[Tutor] Increase performance of the script

Sun Dec 9 19:00:58 EST 2018

On Sun, Dec 09, 2018 at 03:45:07PM +0530, Asad wrote:
> Hi All ,
> 
>           I have the following code to search for an error and prin the
> solution .

Please tidy your code before asking for help optimizing it. We're 
volunteers, not being paid to work on your problem, and your code is too 
hard to understand.

Some comments:

> f4 = open (r" /A/B/file1.log  ", 'r' )
> string2=f4.readlines()

You have a variable "f4". Where are f1, f2 and f3?

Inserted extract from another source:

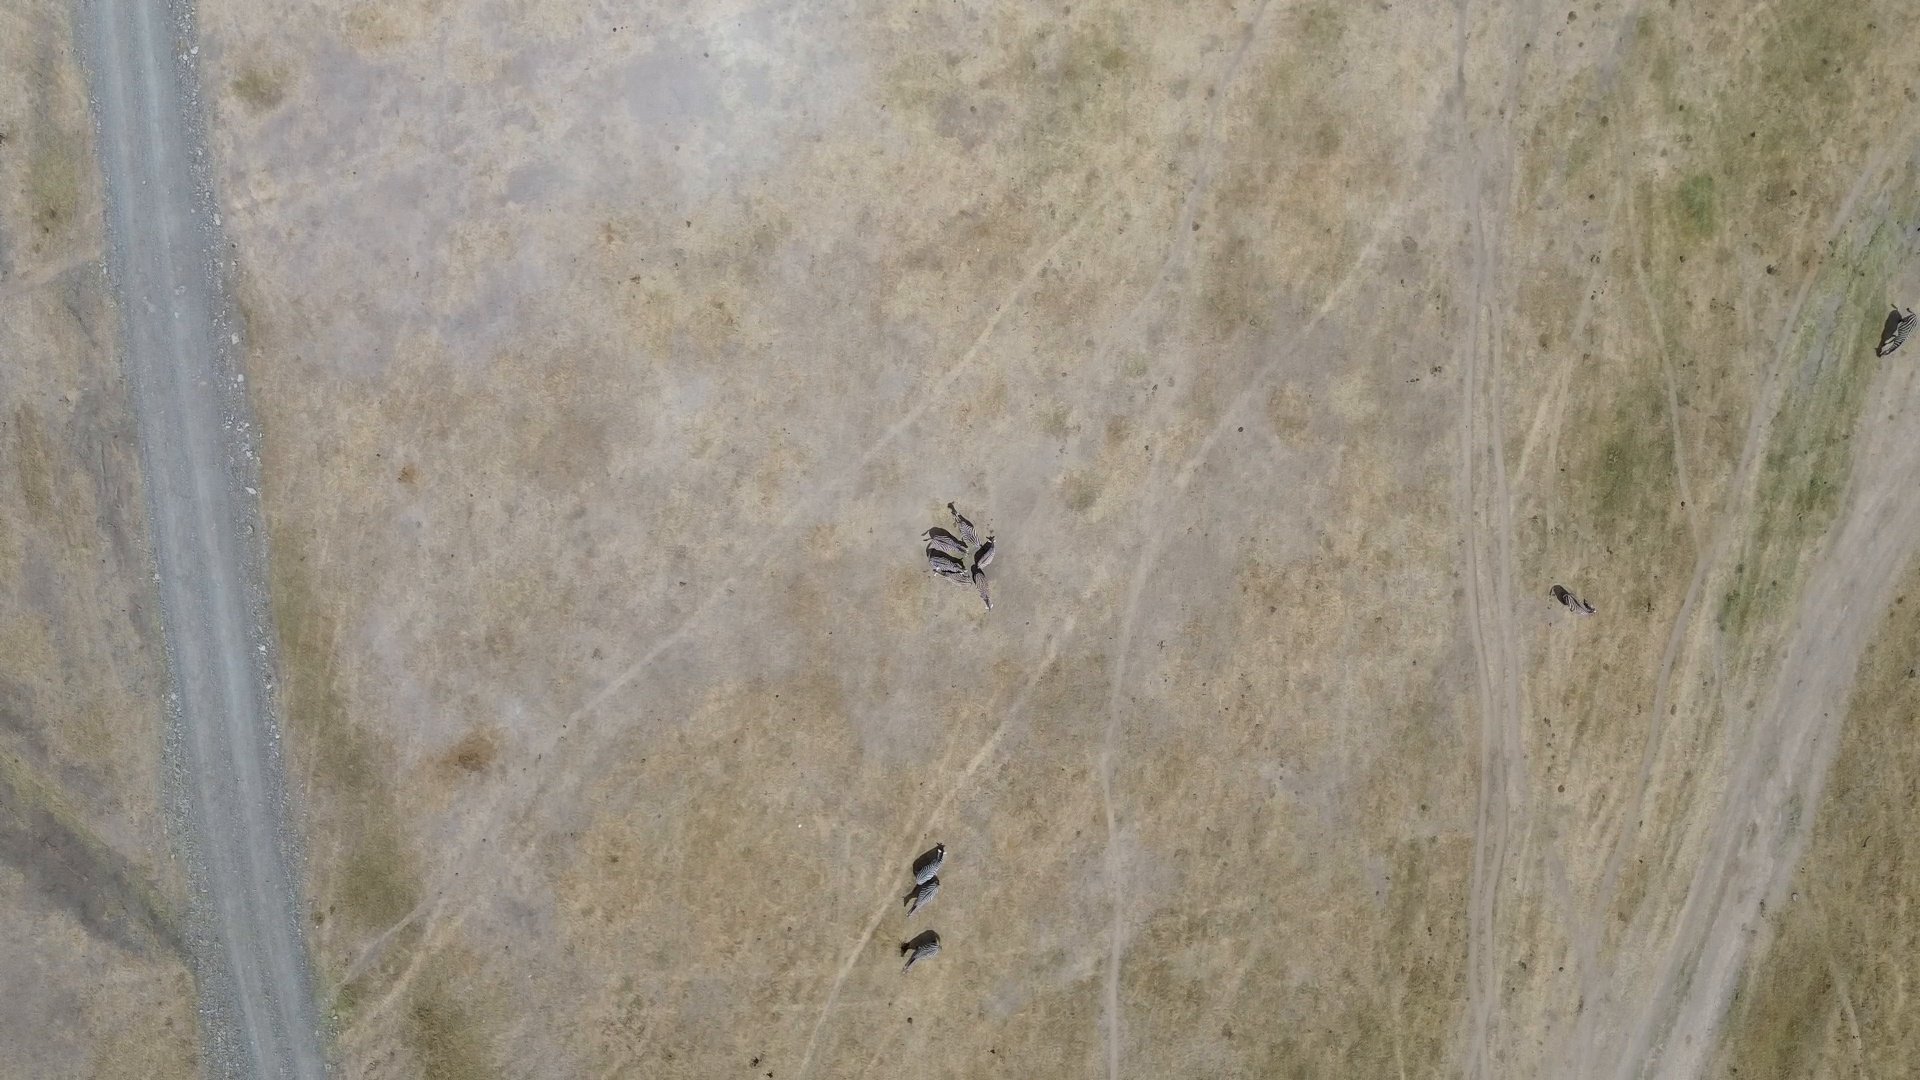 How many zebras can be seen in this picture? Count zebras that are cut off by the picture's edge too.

12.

You have a variable "string2", which is a lie, because it is not a 
string, it is a list.

I will be very surprised if the file name you show is correct. It has a 
leading space, and two trailing spaces.

> for i in range(len(string2)):
>     position=i

Poor style. In Python, you almost never need to write code that iterates 
over the indexes (this is not Pascal). You don't need the assignment 
position=i. Better:

for position, line in enumerate(lines):
    ...

>     lastposition =position+1

Poorly named variable. You call it "last position", but it is actually 
the NEXT position.

>     while True:
>          if re.search('Calling rdbms/admin',string2[lastposition]):

Unnecessary use of regex, which will be slow. Better:

    if 'Calling rdbms/admin' in line:
        break

>           break
>          elif lastposition==len(string2)-1:
>           break

If you iterate over the lines, you don't need to check for the end of 
the list yourself.

A better solution is to use the *accumulator* design pattern to collect 
a block of lines for further analysis:

# Untested.
with open(filename, 'r') as f:
    block = []
    inside_block = False
    for line in f:
        line = line.strip()
        if inside_block:
            if line == "End of block":
                inside_block = False
                process(block)
                block = []  # Reset to collect the next block.
            else:
                block.append(line)
        elif line == "Start of block":
            inside_block = True
    # At the end of the loop, we might have a partial block.
    if block:
         process(block)

Your process() function takes a single argument, the list of lines which 
makes up the block you care about.

If you need to know the line numbers, it is easy to adapt:

    for line in f:

becomes:

    for linenumber, line in enumerate(f):
        # The next line is not needed in Python 3.
        linenumber += 1  # Adjust to start line numbers at 1 instead of 0

and:

    block.append(line)

becomes 

    block.append((linenumber, line))

If you re-write your code using this accumulator pattern, using ordinary 
substring matching and equality instead of regular expressions whenever 
possible, I expect you will see greatly improved performance (as well as 
being much, much easier to understand and maintain).

-- 
Steve